Now the C of I junior is in Geneva, Ohio at the NAIA Indoor National Championships looking to add to her championship resume as she enters this weekend’s title meet No. 1 in the mile (by 12 seconds) and No. 1 in the 3,000 (by 4 seconds).

She’ll also compete for the Coyotes No. 1 distance medley relay (by 21 seconds), with the potential of winning three more titles.

“I want to show every high school runner out there that maybe you didn’t win all the state titles and weren’t the most glorified runner, that you can still be incredible, you can still be a great athlete, you just have to work hard for it, you have to work really, really hard for it.”
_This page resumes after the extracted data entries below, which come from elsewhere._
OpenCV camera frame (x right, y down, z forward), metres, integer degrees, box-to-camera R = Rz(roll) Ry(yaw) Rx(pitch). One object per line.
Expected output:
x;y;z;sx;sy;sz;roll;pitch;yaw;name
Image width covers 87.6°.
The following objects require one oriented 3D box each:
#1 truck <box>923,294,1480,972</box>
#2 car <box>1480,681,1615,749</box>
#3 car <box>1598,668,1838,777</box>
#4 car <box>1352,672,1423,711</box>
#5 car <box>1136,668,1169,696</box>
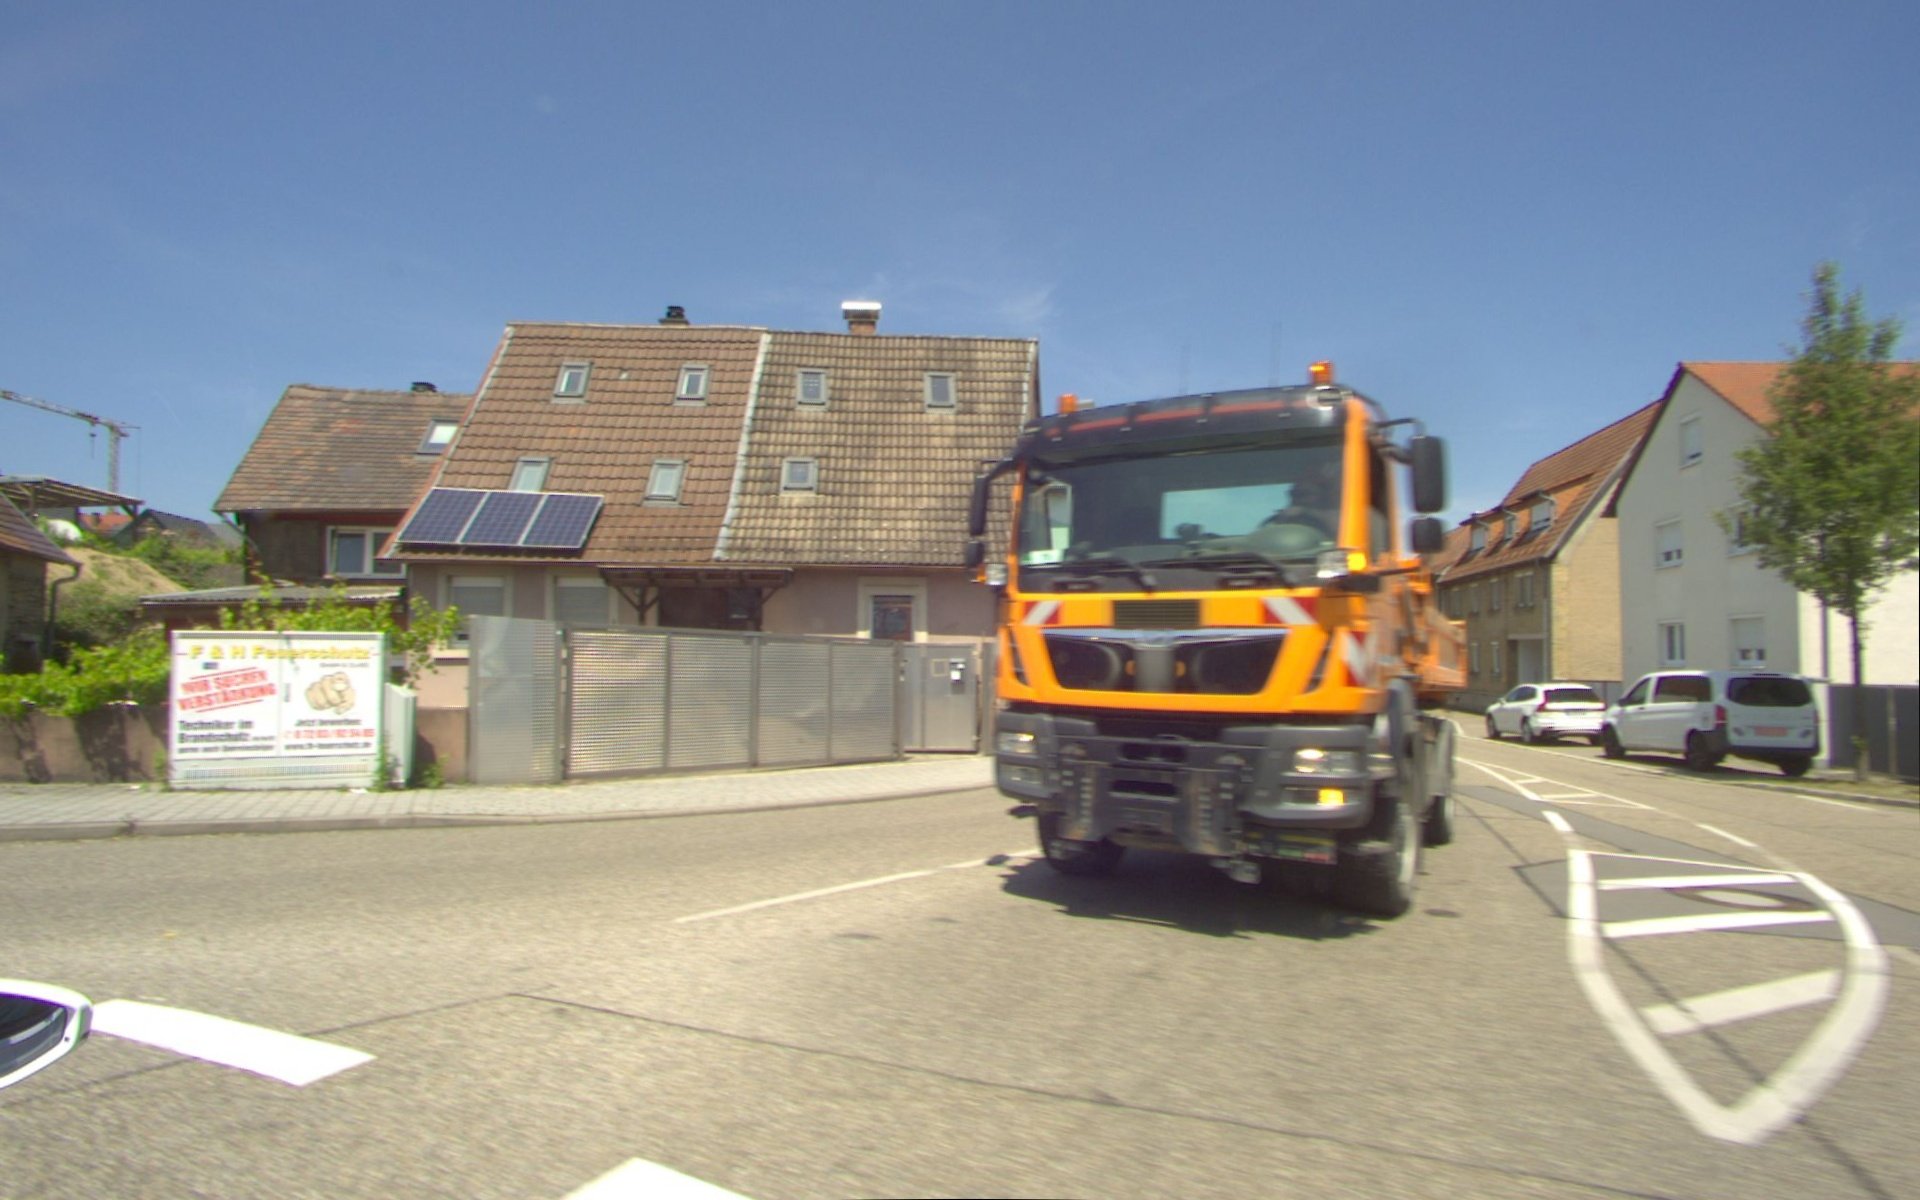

That’s been the key in Holt’s transformation into a national champion — which began when McCurry set her goal to win the 1,500 as a sophomore.

It was a huge goal after Holt fractured her fibula during the indoor season last winter.

Now Holt has two championship plaques on her desk where she can see them daily and be inspired, helping drive her average week of running six to seven hours over five days a week, then training the other two days in the pool.

It’s all to drive her to achieve even more, like a team title in the distance medley relay.

“I want to help my teammates achieve some of that success,” she said.

Or to become the most decorated Coyote individual national champion of all time.

“That would be really, really, really special to me, I would really love to do that,” said Holt, whose is chasing the four individual titles of snowboarder Evan Williams (2005-08) and skier Brent LaBounty (1986-87).

Or even make it to the U.S. National meet.

“Whatever it is,” Holt said of her future goals, even beyond college, “when I decide not to run any more I want to know I lived up to my potential and I did everything I could with running.”

Then, the formerly underrated Maverick runner can sit back and enjoy the rewards for her hard work.